Buraya zamanın kısıtlı olmadığı bir gezi yapabilirsek, bisiklet ve kano ile gezmenin çok daha zevkli olacağı fikrinde eşimle birlik olduğumuzdan, gerekli notları alıp, hayata niyetimizi belli ediyoruz. 

Otobandan ayrılıyoruz, Agori Fanari Beach üzerinden nokta atış, Aziz Nikola Manastırına gideceğiz, gideceğiz gitmesine de o deltanın büyüleyici manzarası karşısında soluksuz kalıp sapağı kaçırıyoruz, aman da ne iyi ediyoruz. 
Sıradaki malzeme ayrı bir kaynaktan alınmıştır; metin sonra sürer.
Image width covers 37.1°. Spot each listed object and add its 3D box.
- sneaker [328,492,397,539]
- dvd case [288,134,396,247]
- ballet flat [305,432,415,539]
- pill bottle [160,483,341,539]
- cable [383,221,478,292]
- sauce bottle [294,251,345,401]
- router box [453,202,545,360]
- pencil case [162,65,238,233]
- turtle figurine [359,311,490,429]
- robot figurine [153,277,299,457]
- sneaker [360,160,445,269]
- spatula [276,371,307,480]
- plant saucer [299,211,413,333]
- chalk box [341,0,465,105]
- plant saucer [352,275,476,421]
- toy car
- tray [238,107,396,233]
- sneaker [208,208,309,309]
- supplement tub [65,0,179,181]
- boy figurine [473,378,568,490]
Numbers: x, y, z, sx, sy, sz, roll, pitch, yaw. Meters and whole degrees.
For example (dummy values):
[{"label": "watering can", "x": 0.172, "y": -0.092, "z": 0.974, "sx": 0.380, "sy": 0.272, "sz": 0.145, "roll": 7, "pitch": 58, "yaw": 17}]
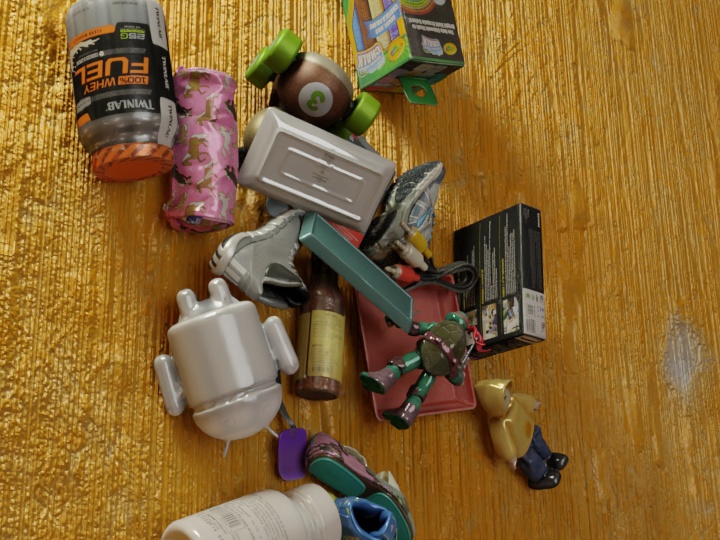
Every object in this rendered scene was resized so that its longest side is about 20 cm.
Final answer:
[{"label": "sneaker", "x": 0.021, "y": 0.358, "z": 1.359, "sx": 0.200, "sy": 0.104, "sz": 0.076, "roll": 45, "pitch": 52, "yaw": -20}, {"label": "dvd case", "x": -0.035, "y": -0.117, "z": 1.526, "sx": 0.146, "sy": 0.022, "sz": 0.202, "roll": 43, "pitch": 54, "yaw": -22}, {"label": "ballet flat", "x": 0.005, "y": 0.280, "z": 1.407, "sx": 0.200, "sy": 0.069, "sz": 0.072, "roll": 44, "pitch": 30, "yaw": -21}, {"label": "pill bottle", "x": -0.122, "y": 0.319, "z": 1.243, "sx": 0.198, "sy": 0.114, "sz": 0.116, "roll": -12, "pitch": 83, "yaw": -42}, {"label": "cable", "x": 0.101, "y": 0.007, "z": 1.528, "sx": 0.198, "sy": 0.050, "sz": 0.099, "roll": 26, "pitch": 84, "yaw": -39}, {"label": "sauce bottle", "x": -0.050, "y": 0.068, "z": 1.421, "sx": 0.065, "sy": 0.066, "sz": 0.204, "roll": 19, "pitch": 66, "yaw": -34}, {"label": "router box", "x": 0.205, "y": 0.018, "z": 1.601, "sx": 0.050, "sy": 0.148, "sz": 0.204, "roll": 16, "pitch": 66, "yaw": -35}, {"label": "pencil case", "x": -0.198, "y": -0.150, "z": 1.337, "sx": 0.086, "sy": 0.082, "sz": 0.204, "roll": 13, "pitch": 76, "yaw": -59}, {"label": "turtle figurine", "x": 0.091, "y": 0.112, "z": 1.462, "sx": 0.150, "sy": 0.101, "sz": 0.200, "roll": 47, "pitch": 60, "yaw": -4}, {"label": "robot figurine", "x": -0.160, "y": 0.113, "z": 1.278, "sx": 0.167, "sy": 0.113, "sz": 0.203, "roll": -18, "pitch": 87, "yaw": -2}, {"label": "sneaker", "x": 0.074, "y": -0.077, "z": 1.580, "sx": 0.087, "sy": 0.077, "sz": 0.201, "roll": 49, "pitch": 59, "yaw": -25}, {"label": "spatula", "x": -0.101, "y": 0.166, "z": 1.373, "sx": 0.056, "sy": 0.020, "sz": 0.204, "roll": 1, "pitch": 72, "yaw": -53}, {"label": "plant saucer", "x": 0.000, "y": 0.000, "z": 1.412, "sx": 0.200, "sy": 0.019, "sz": 0.070, "roll": 42, "pitch": 27, "yaw": -19}, {"label": "chalk box", "x": 0.068, "y": -0.342, "z": 1.621, "sx": 0.123, "sy": 0.123, "sz": 0.204, "roll": -3, "pitch": 78, "yaw": -42}, {"label": "plant saucer", "x": 0.070, "y": 0.108, "z": 1.531, "sx": 0.198, "sy": 0.036, "sz": 0.203, "roll": 0, "pitch": 76, "yaw": -42}, {"label": "toy car", "x": -0.100, "y": -0.180, "z": 1.416, "sx": 0.163, "sy": 0.157, "sz": 0.202, "roll": 35, "pitch": 72, "yaw": -16}, {"label": "tray", "x": -0.053, "y": -0.124, "z": 1.389, "sx": 0.198, "sy": 0.022, "sz": 0.109, "roll": 21, "pitch": 103, "yaw": -26}, {"label": "sneaker", "x": -0.096, "y": -0.004, "z": 1.362, "sx": 0.115, "sy": 0.075, "sz": 0.199, "roll": 42, "pitch": 35, "yaw": 13}, {"label": "supplement tub", "x": -0.282, "y": -0.217, "z": 1.277, "sx": 0.121, "sy": 0.122, "sz": 0.204, "roll": -1, "pitch": 77, "yaw": -40}, {"label": "boy figurine", "x": 0.238, "y": 0.231, "z": 1.606, "sx": 0.201, "sy": 0.064, "sz": 0.125, "roll": 57, "pitch": 48, "yaw": -23}]

Öncesinde Agori Fanari Beach'de denize şöyle bir uzaktan da olsa bakma molası verdiğimizden ve sonsuz kumsaldaki oluşumları bir türlü çözemediğimizden ve babamın bulduğu oldukça büyük ve kırılmamış deniz kabuğunu koleksiyonuma eklemek üzere güvenli bir yere sarıp sarmalayıp koyduğumdan ve elbette bir kaç kare fotoğraf çekimi sonrası kahve ve çayı bu sonsuz maviliğe bakarken içip, yolculuğun ilk saatleri ile ilgili yapılan sohbetten sonra yola mutlu mesut devam ettiğimizden, kaçan sapağın derdi bizi germiyor. 
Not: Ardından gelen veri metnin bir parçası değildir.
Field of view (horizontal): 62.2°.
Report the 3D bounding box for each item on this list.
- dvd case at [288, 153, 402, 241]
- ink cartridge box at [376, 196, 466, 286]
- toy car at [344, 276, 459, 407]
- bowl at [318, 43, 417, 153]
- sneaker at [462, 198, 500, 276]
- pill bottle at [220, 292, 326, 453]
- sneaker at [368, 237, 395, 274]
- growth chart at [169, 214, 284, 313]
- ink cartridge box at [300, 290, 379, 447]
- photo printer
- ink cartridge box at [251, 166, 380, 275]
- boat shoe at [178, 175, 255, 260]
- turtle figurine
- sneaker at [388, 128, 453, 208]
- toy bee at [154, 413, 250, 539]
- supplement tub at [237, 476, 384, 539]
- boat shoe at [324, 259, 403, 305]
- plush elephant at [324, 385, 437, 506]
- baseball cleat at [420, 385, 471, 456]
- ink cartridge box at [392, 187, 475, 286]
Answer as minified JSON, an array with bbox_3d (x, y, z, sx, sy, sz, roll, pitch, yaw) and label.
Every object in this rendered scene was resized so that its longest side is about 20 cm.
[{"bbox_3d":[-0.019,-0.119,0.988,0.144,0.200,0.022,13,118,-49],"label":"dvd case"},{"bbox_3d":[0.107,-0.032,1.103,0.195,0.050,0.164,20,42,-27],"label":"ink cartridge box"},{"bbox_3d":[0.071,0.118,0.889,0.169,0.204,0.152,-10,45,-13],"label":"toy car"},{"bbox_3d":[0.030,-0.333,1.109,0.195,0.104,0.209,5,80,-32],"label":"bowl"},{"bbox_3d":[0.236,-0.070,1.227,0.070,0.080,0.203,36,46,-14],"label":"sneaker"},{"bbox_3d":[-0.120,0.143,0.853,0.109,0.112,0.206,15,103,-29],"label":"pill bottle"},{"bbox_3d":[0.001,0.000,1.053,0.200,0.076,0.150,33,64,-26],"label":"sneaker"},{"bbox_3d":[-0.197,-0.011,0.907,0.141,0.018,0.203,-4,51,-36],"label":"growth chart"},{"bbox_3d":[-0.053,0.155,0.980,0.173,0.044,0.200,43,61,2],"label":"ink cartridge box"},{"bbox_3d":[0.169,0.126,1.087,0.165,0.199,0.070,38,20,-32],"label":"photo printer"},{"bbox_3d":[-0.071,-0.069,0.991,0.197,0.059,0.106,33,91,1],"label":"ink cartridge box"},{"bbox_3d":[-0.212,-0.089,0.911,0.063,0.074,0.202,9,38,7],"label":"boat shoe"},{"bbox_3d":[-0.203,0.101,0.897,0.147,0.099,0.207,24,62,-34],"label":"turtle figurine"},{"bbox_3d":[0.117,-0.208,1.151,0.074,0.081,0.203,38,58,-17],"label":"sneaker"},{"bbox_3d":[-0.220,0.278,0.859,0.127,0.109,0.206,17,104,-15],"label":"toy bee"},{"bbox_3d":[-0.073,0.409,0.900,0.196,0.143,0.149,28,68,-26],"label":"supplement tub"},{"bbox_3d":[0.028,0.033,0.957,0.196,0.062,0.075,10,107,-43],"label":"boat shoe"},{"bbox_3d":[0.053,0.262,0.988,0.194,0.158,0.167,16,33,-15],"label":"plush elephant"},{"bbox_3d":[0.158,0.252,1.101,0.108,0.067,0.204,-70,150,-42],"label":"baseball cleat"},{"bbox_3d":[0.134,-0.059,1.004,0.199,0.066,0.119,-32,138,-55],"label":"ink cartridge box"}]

Yolcuların keyfi yerinde, sırtı pek, karnı tok, kontrol uzmanı son kortizon bükücü annem sürekli kilo alacağız, sürekli yeniyor içiliyor dese de, kaptanın seyri de keyfini coşturuyorken bence ilk saatler için oldukça iyi iş çıkarıyoruz. Neyse ki zamanlaması her yıl olduğu gibi Mayıs ayına tesadüfi ve olağan üstü bir biçimde "harika" denk gelen yolculuğun bu saatlerinde yağmur yok, hatta dönüş yolunda sıklıkla dile getireceğimiz gibi şans bizden yana. Mevsim süprize açık, 3 mevsim kıyafetle yolculuk hali ise ister istemez "kalabalık" hissini perçinliyor. Her mevsime bir ayakkabı çarpı üç çarpı dört gibi bir hesap sadece ayakkabılar için.  E bunun bir de kıyafet versiyonu var ki, oraya hiç girmek istemiyorum. Ama bu tecrübeli gezgin onu da düşündü elbet, dokuzuncu günün sonunda kalınacak üç gecelik ev, çamaşır makinalı. Pırıltılı zekama bu noktada bir kez daha hayran olunabilir. 
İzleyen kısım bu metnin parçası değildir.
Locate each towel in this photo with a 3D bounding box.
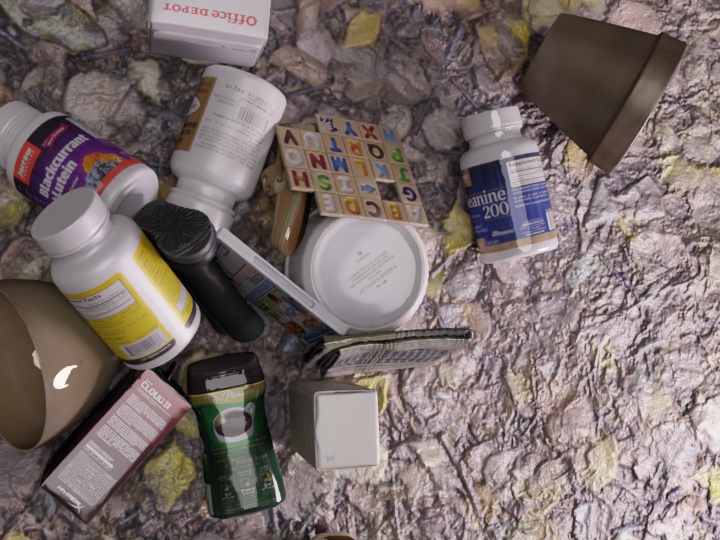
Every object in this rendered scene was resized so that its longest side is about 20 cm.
[{"bbox_3d":[0.027,0.108,1.180,0.198,0.193,0.035,-2,77,-13],"label":"towel"}]

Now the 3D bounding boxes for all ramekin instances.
[{"bbox_3d":[0.000,0.000,1.224,0.200,0.094,0.205,1,88,-13],"label":"ramekin"}]

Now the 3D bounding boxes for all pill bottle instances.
[{"bbox_3d":[-0.179,-0.149,1.175,0.113,0.114,0.202,21,84,-12],"label":"pill bottle"},{"bbox_3d":[-0.274,0.008,1.030,0.111,0.111,0.201,-38,127,-11],"label":"pill bottle"},{"bbox_3d":[-0.355,-0.122,1.115,0.199,0.111,0.112,31,81,12],"label":"pill bottle"},{"bbox_3d":[0.199,-0.118,1.265,0.110,0.111,0.202,-13,91,-13],"label":"pill bottle"}]

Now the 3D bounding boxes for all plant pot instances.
[{"bbox_3d":[-0.368,0.097,1.103,0.134,0.199,0.202,-18,93,-44],"label":"plant pot"},{"bbox_3d":[0.324,-0.265,1.273,0.173,0.200,0.201,31,82,5],"label":"plant pot"}]

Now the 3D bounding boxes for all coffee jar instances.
[{"bbox_3d":[-0.162,0.209,1.184,0.103,0.085,0.202,-10,92,-11],"label":"coffee jar"}]

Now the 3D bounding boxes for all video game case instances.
[{"bbox_3d":[-0.116,0.026,1.171,0.199,0.143,0.018,39,69,-9],"label":"video game case"}]

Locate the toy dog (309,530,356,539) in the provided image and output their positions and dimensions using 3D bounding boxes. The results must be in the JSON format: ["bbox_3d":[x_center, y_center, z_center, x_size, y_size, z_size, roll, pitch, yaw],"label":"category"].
[{"bbox_3d":[-0.029,0.441,1.186,0.192,0.139,0.202,-9,91,-26],"label":"toy dog"}]

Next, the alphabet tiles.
[{"bbox_3d":[-0.013,-0.135,1.194,0.198,0.008,0.169,5,55,-32],"label":"alphabet tiles"}]

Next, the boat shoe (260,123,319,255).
[{"bbox_3d":[-0.097,-0.108,1.197,0.064,0.072,0.202,6,56,5],"label":"boat shoe"}]

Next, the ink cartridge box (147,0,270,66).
[{"bbox_3d":[-0.189,-0.381,1.163,0.145,0.146,0.203,5,87,-13],"label":"ink cartridge box"}]

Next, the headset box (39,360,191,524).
[{"bbox_3d":[-0.290,0.192,1.122,0.075,0.149,0.200,44,81,-12],"label":"headset box"}]

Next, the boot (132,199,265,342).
[{"bbox_3d":[-0.178,0.017,1.109,0.065,0.165,0.201,-38,126,-15],"label":"boot"}]

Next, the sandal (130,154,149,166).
[{"bbox_3d":[-0.304,-0.051,1.174,0.079,0.054,0.202,6,87,-13],"label":"sandal"}]

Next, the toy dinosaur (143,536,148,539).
[{"bbox_3d":[-0.282,0.419,1.152,0.199,0.102,0.136,37,98,-31],"label":"toy dinosaur"}]

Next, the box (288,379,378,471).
[{"bbox_3d":[-0.038,0.189,1.155,0.077,0.200,0.096,-1,89,-13],"label":"box"}]
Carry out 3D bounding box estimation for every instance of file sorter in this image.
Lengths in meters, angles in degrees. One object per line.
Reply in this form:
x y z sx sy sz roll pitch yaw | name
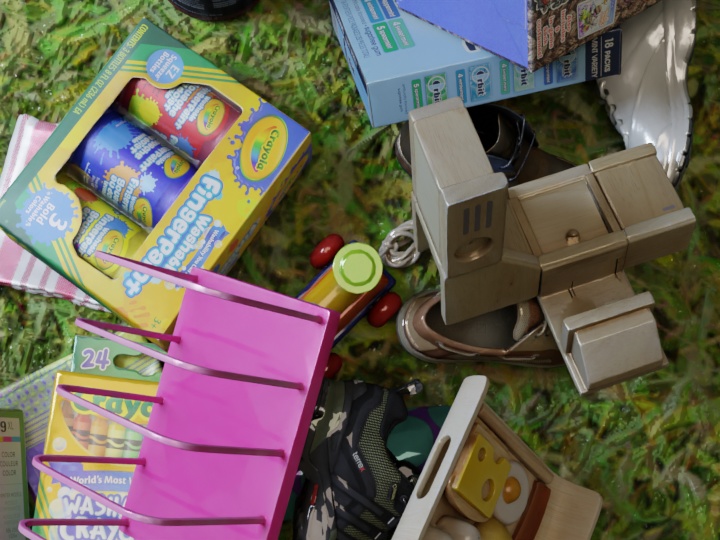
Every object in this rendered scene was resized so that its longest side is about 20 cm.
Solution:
-0.127 0.100 0.783 0.138 0.125 0.202 16 89 37 | file sorter

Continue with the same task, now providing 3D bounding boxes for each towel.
-0.206 -0.042 0.967 0.198 0.030 0.148 12 80 0 | towel
-0.195 0.158 0.940 0.143 0.023 0.201 -26 83 -5 | towel

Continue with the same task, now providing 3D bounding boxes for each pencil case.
-0.008 0.156 0.911 0.198 0.085 0.093 -3 118 -5 | pencil case

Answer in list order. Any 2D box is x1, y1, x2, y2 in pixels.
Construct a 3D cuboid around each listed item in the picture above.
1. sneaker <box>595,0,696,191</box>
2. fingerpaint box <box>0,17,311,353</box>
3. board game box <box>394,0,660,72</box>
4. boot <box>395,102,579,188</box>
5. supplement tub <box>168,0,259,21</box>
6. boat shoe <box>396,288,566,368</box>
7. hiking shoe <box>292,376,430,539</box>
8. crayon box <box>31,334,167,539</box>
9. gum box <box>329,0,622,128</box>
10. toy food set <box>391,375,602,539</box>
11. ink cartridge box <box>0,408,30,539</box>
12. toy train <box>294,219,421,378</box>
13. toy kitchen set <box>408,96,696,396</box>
0.237 -0.142 0.989 0.086 0.075 0.202 2 74 10 | sneaker
-0.160 -0.067 0.924 0.166 0.073 0.201 35 79 6 | fingerpaint box
0.145 -0.257 0.897 0.199 0.097 0.159 -30 44 -24 | board game box
0.124 -0.081 0.952 0.198 0.097 0.075 18 81 1 | boot
-0.122 -0.279 0.922 0.106 0.200 0.108 1 80 -3 | supplement tub
0.131 0.042 0.942 0.198 0.072 0.077 -7 82 -9 | boat shoe
0.002 0.175 0.834 0.100 0.076 0.202 1 102 -5 | hiking shoe
-0.179 0.153 0.905 0.124 0.052 0.202 6 80 -1 | crayon box
0.086 -0.195 0.947 0.198 0.045 0.171 -14 40 -4 | gum box
0.105 0.185 0.851 0.060 0.200 0.144 7 62 42 | toy food set
-0.316 0.159 0.904 0.103 0.059 0.202 -9 81 12 | ink cartridge box
0.000 0.000 0.925 0.085 0.116 0.200 44 82 4 | toy train
0.154 -0.024 0.828 0.198 0.181 0.164 -18 62 -5 | toy kitchen set
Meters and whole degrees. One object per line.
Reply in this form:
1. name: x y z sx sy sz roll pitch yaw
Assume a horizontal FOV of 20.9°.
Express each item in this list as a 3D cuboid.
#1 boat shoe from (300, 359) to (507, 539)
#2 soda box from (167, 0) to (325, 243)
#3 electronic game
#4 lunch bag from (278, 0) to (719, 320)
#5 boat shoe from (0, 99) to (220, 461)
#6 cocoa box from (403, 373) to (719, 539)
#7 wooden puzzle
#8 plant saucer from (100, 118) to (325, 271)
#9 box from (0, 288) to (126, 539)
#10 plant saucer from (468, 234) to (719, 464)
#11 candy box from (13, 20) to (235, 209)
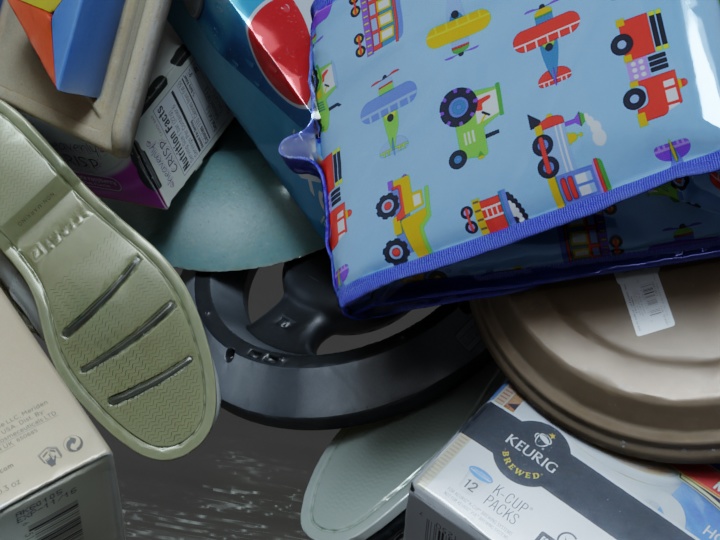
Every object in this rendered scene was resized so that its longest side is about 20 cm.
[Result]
1. boat shoe: 0.050 0.073 0.936 0.075 0.061 0.200 16 53 46
2. soda box: -0.024 -0.094 0.916 0.064 0.068 0.200 -30 76 -26
3. electronic game: 0.000 0.000 0.974 0.199 0.042 0.201 -14 41 12
4. lunch bag: 0.059 -0.070 0.816 0.199 0.094 0.151 -14 65 15
5. boat shoe: -0.133 0.004 0.945 0.075 0.068 0.200 -34 84 -7
6. cocoa box: 0.132 0.138 0.845 0.200 0.134 0.131 34 59 22
7. wooden puzzle: -0.150 -0.167 0.920 0.046 0.186 0.200 6 14 -44
8. plant saucer: -0.049 -0.084 1.023 0.200 0.039 0.202 -12 43 12
9. box: -0.195 0.055 0.925 0.077 0.095 0.200 -27 60 -20
10. plant saucer: 0.141 -0.016 0.830 0.199 0.030 0.201 -5 63 9
11. candy box: -0.109 -0.129 1.021 0.136 0.061 0.200 12 52 34

Ah deneyimli gezginim, ah benim sevdalı ruhum, ah benim öngörüsü derya, planı zehir rehberim. Her şeyi düşünür! Ey okur, bu noktada evrene mesaj göndermeyi unutmayalım ve elbette bir maşallahınızı alırım. 

 


Agios Nikolaos Kilisesi ile Virgin Mary Pantanassa Ortodoks Kilisesi birbirine ahşap bir köprü ile bağlanıyor. Şans bizden yana demiştim değil mi? Vistonida Gölü üzerindeki Agios Nikolaos Kilisesi'ne doğru ilerlerken, tam köprünün ortasına gelmişken, uzaktan da olsa flamingoları görüyor, yol yorgunluğunun bir kısmını bu ahşap köprüde bırakıyoruz. Kiliselerin hep bir hikayesi oluyor, nedense de birden fazla. Bu kiliselerin gezinin ilerleyen günlerinde gezmyi planladığımız  Aynaroz Kutsal Vatopedi Manastırı'na bağlı olduğunu yoldaolmak.com sayfasından öğreniyorum. 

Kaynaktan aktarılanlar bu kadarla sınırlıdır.